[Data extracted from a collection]
---

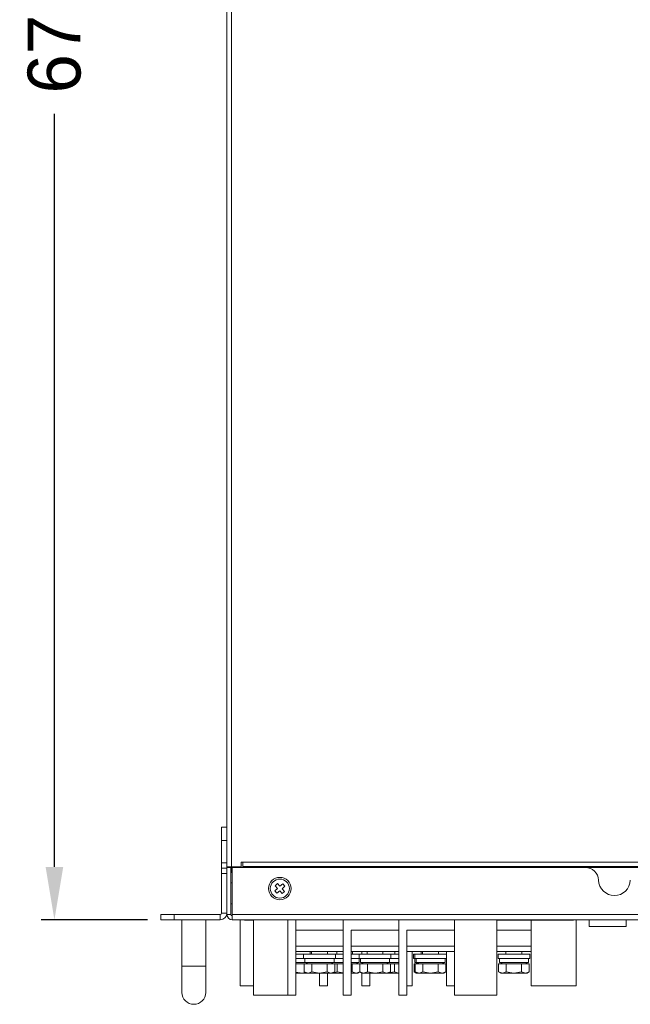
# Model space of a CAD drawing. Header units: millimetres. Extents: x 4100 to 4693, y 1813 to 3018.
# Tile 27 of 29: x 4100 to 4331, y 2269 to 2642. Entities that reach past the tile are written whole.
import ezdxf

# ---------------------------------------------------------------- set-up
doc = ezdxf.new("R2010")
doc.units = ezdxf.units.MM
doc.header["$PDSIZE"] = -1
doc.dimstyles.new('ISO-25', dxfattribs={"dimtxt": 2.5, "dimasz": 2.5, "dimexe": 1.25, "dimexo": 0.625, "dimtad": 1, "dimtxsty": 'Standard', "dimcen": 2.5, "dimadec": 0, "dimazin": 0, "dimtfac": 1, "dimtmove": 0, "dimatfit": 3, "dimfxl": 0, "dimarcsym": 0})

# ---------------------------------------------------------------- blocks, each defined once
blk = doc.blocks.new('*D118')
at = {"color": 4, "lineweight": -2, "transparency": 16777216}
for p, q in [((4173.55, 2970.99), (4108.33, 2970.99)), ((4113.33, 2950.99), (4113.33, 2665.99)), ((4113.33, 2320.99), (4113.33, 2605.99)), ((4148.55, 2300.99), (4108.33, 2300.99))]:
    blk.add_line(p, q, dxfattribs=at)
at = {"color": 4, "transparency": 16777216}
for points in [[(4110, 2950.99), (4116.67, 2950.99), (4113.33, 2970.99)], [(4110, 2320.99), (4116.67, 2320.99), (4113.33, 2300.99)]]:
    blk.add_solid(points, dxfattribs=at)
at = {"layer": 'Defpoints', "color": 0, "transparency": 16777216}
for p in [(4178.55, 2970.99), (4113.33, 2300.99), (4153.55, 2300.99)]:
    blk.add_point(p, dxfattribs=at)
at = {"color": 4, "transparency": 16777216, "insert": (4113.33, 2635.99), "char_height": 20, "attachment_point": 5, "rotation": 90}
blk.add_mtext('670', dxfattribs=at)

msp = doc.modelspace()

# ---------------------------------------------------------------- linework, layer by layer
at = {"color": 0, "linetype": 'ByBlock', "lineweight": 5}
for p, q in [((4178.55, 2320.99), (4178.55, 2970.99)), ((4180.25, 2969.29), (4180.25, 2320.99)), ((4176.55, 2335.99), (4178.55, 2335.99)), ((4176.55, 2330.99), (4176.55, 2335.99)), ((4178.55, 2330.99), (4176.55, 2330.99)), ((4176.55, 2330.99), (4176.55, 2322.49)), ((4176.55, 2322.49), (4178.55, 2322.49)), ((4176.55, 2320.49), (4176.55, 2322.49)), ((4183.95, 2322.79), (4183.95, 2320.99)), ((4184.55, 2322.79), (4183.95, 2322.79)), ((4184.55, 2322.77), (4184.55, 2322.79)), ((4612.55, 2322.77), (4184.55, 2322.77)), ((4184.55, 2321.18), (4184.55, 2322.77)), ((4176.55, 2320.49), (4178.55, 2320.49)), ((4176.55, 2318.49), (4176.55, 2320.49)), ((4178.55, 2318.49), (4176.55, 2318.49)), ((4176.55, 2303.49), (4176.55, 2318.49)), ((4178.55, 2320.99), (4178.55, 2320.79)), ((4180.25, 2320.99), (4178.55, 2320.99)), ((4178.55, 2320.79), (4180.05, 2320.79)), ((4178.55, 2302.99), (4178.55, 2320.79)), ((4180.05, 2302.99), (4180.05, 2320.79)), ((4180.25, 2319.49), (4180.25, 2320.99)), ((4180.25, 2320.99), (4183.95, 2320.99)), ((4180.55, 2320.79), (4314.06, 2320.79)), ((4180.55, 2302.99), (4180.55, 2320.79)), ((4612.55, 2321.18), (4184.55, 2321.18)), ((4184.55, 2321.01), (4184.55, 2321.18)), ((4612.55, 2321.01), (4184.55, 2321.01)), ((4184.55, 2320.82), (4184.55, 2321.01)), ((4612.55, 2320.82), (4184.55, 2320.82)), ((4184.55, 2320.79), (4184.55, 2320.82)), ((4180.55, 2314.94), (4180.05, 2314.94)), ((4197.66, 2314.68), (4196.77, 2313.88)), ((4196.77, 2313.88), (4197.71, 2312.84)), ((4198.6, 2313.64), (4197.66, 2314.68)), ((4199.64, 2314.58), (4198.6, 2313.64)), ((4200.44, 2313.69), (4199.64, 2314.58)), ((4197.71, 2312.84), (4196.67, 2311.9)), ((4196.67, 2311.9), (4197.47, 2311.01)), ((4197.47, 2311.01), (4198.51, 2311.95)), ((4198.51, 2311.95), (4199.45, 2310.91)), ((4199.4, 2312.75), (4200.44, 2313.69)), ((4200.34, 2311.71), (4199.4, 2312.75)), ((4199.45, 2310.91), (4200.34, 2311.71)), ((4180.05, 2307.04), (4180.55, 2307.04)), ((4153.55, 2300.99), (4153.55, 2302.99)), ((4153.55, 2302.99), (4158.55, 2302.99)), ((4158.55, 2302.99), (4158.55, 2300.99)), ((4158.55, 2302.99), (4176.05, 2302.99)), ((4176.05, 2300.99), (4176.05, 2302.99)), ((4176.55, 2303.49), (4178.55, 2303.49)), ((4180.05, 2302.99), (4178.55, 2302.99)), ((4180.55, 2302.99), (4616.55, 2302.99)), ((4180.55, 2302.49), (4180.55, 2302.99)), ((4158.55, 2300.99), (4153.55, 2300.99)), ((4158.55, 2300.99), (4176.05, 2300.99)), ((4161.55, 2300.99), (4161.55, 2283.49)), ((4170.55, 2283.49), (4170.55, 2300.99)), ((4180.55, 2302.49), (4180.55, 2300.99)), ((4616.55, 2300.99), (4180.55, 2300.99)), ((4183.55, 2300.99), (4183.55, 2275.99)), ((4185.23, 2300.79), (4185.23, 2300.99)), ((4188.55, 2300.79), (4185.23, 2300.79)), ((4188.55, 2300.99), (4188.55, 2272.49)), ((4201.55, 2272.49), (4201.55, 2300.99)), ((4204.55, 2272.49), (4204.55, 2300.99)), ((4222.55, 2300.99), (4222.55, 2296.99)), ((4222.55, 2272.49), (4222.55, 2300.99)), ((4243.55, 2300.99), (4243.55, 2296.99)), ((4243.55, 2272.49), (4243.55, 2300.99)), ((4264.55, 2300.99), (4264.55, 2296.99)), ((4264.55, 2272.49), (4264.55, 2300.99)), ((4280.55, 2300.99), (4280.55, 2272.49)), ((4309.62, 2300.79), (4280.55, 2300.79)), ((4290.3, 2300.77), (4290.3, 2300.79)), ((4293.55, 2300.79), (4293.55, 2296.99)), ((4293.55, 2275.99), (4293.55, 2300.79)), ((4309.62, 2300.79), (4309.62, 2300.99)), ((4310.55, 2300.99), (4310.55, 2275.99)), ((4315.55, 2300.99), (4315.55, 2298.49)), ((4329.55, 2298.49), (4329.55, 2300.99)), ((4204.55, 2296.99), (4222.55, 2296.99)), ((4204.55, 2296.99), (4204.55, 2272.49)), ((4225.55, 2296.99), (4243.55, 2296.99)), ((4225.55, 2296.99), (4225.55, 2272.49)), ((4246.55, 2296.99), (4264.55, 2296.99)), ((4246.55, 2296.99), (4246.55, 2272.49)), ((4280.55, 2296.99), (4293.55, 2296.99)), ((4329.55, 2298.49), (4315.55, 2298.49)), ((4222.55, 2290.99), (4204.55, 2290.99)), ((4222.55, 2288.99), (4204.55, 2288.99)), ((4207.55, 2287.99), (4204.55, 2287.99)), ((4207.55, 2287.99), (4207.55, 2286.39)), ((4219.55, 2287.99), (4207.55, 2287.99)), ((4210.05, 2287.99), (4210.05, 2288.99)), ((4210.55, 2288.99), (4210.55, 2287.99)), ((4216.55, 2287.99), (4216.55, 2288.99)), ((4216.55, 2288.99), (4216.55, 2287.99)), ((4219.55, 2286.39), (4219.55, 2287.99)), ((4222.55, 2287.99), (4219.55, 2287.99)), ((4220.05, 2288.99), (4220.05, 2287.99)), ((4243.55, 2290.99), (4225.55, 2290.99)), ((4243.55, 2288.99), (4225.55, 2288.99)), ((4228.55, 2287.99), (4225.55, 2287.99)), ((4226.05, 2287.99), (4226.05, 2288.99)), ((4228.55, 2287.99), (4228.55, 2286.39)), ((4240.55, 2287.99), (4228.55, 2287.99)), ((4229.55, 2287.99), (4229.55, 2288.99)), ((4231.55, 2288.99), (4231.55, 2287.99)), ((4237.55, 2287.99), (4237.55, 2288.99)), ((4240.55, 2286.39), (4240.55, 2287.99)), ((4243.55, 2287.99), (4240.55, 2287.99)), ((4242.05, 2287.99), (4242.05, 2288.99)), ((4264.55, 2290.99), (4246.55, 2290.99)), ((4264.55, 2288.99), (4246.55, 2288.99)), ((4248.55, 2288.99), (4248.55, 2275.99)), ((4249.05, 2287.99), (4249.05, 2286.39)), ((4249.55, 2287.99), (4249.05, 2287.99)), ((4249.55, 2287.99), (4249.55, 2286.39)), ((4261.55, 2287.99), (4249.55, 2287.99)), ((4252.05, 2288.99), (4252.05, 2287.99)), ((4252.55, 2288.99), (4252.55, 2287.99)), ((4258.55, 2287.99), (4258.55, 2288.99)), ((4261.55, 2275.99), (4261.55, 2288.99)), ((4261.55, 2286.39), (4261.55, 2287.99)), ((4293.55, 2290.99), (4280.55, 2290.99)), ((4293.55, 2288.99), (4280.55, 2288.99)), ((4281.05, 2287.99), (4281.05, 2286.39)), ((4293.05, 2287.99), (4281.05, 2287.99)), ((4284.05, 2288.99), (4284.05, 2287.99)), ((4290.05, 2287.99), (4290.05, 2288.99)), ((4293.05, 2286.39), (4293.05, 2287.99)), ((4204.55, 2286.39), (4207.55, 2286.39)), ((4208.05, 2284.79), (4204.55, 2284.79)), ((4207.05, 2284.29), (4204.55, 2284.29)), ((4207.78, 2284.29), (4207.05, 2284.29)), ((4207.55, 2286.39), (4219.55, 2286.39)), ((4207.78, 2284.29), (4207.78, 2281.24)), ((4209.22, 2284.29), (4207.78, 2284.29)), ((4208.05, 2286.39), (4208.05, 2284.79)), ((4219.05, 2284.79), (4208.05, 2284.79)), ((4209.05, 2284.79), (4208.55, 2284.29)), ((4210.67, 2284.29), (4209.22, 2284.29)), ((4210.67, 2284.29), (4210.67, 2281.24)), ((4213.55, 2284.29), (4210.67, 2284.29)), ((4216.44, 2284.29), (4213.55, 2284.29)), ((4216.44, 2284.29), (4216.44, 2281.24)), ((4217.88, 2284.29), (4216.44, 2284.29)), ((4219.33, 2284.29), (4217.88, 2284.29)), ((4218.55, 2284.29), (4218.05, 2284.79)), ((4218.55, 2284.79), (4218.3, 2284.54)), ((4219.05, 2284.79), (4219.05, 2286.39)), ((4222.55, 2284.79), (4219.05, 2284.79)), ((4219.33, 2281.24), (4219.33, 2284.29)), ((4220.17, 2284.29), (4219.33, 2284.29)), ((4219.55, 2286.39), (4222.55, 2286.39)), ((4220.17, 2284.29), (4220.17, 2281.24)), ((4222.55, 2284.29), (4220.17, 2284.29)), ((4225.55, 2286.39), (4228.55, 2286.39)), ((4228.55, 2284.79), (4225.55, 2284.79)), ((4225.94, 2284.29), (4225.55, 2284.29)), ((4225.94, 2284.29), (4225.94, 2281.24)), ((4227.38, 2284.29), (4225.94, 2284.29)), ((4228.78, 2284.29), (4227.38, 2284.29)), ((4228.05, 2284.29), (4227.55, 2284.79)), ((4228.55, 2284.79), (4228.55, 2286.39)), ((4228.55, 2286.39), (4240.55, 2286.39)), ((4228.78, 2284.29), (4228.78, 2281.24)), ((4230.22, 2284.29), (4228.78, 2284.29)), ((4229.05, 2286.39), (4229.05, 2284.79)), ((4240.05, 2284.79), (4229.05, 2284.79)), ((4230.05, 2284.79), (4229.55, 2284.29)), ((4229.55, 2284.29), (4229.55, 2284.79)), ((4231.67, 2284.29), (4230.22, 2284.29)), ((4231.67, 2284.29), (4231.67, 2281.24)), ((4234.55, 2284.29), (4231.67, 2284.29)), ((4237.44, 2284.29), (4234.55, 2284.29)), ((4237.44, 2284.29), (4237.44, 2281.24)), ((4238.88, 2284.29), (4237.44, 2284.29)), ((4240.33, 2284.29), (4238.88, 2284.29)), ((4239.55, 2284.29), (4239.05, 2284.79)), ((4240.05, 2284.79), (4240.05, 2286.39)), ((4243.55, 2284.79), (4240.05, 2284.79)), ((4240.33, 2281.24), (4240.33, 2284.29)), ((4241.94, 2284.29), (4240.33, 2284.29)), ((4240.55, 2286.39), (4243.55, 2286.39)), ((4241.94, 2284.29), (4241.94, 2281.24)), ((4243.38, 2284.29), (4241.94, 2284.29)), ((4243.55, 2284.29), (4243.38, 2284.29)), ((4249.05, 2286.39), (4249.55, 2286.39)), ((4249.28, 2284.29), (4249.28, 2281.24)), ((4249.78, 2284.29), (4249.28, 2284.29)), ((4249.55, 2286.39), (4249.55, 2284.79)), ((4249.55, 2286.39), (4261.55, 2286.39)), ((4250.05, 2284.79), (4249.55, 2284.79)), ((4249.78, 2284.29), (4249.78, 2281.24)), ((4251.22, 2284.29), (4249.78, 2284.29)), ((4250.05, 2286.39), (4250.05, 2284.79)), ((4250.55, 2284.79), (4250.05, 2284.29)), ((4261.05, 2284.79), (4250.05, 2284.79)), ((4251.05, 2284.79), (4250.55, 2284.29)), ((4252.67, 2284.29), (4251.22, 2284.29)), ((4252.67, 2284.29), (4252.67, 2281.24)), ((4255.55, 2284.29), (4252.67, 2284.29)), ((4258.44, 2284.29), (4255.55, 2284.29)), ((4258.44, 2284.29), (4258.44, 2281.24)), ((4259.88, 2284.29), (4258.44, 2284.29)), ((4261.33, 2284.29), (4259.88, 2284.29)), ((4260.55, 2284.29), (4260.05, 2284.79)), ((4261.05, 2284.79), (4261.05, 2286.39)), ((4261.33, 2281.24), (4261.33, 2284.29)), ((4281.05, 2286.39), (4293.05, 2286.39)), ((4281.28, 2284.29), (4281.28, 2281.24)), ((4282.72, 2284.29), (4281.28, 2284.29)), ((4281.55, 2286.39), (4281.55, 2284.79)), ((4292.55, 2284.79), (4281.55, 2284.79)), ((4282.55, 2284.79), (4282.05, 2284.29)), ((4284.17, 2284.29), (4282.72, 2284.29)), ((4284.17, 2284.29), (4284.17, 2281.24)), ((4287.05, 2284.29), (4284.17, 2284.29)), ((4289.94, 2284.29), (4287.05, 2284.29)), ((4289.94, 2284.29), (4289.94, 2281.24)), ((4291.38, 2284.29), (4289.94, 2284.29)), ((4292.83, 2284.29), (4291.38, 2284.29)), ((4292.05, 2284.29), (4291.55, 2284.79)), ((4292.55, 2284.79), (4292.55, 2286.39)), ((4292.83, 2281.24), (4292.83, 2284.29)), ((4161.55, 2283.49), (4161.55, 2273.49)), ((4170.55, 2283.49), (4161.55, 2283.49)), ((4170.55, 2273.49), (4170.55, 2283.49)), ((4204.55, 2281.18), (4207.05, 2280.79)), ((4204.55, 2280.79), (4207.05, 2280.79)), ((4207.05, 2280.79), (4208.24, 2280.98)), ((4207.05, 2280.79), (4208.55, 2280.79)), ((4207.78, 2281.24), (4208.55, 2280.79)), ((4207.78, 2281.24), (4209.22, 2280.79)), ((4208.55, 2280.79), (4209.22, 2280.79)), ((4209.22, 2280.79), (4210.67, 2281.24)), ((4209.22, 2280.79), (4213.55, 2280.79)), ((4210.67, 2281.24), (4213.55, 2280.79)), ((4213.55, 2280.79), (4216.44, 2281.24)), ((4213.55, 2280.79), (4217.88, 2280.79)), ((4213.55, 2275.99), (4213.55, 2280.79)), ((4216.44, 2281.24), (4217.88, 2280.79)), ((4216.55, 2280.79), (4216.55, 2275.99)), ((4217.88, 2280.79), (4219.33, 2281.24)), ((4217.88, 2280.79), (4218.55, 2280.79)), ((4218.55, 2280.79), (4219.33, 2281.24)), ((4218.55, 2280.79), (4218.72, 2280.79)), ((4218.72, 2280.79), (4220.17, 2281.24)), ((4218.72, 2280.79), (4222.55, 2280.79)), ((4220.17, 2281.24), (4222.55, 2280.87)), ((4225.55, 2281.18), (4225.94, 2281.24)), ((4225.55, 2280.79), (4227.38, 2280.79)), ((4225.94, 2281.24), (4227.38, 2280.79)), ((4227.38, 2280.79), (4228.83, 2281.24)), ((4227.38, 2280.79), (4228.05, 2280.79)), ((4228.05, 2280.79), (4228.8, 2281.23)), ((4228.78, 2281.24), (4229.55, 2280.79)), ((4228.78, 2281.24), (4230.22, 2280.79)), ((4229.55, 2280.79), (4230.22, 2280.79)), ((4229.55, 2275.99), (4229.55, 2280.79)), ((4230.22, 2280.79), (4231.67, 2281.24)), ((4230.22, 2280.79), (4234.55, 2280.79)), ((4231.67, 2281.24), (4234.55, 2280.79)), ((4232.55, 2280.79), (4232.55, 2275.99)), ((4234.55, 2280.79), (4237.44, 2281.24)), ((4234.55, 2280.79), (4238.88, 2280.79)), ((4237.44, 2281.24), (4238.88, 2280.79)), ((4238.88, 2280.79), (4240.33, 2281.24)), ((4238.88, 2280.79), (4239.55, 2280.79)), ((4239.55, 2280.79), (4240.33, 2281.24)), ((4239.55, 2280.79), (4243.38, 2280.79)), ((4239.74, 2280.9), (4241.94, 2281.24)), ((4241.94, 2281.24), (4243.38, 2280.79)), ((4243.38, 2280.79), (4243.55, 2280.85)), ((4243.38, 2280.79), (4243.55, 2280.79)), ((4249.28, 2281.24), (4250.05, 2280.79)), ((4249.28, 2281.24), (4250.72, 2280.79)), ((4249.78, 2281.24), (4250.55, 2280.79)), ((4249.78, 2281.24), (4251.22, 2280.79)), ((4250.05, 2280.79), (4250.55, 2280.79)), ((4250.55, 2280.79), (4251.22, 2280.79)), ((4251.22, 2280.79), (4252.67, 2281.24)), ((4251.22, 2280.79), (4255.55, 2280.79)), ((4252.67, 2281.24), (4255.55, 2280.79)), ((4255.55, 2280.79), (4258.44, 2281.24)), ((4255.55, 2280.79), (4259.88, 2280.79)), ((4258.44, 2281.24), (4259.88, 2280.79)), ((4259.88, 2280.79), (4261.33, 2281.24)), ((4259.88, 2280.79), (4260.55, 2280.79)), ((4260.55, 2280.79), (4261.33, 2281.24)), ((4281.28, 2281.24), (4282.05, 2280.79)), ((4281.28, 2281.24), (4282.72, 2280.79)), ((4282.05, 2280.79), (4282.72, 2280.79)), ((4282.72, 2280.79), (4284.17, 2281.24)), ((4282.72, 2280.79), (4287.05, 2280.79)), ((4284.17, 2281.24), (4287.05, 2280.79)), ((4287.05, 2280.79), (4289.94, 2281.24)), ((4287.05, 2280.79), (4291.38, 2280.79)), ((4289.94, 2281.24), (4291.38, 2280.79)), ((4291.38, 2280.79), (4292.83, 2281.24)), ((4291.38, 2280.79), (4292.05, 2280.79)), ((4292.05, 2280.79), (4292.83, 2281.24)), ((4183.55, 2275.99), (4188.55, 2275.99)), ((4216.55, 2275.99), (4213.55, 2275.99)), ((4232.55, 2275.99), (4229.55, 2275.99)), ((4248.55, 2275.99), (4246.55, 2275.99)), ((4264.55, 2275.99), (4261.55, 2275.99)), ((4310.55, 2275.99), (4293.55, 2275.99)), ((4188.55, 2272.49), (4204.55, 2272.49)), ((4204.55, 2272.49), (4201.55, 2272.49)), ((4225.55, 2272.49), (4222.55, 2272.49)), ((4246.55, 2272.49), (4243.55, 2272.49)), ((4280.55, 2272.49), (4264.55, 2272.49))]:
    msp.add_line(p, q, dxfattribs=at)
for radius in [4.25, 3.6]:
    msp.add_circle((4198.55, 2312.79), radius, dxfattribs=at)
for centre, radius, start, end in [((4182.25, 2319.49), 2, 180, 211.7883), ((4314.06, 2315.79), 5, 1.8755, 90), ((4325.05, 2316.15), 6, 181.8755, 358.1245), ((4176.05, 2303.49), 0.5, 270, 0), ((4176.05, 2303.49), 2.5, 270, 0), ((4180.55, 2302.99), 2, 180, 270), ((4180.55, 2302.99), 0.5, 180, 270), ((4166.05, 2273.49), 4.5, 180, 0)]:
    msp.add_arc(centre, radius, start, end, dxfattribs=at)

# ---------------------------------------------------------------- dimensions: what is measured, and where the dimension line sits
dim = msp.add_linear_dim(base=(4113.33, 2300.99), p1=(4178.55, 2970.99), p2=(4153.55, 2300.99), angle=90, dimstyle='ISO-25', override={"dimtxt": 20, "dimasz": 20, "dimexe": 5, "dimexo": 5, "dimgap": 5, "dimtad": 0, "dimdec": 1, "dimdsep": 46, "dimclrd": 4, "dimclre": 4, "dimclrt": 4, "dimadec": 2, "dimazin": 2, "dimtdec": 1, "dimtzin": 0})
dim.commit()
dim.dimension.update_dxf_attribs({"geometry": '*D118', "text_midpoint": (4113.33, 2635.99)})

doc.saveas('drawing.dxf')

---

Wherever the string "ezdxf" appears in a line of the records above, copy that line.

import ezdxf
doc = ezdxf.new("R2010")
doc.units = ezdxf.units.MM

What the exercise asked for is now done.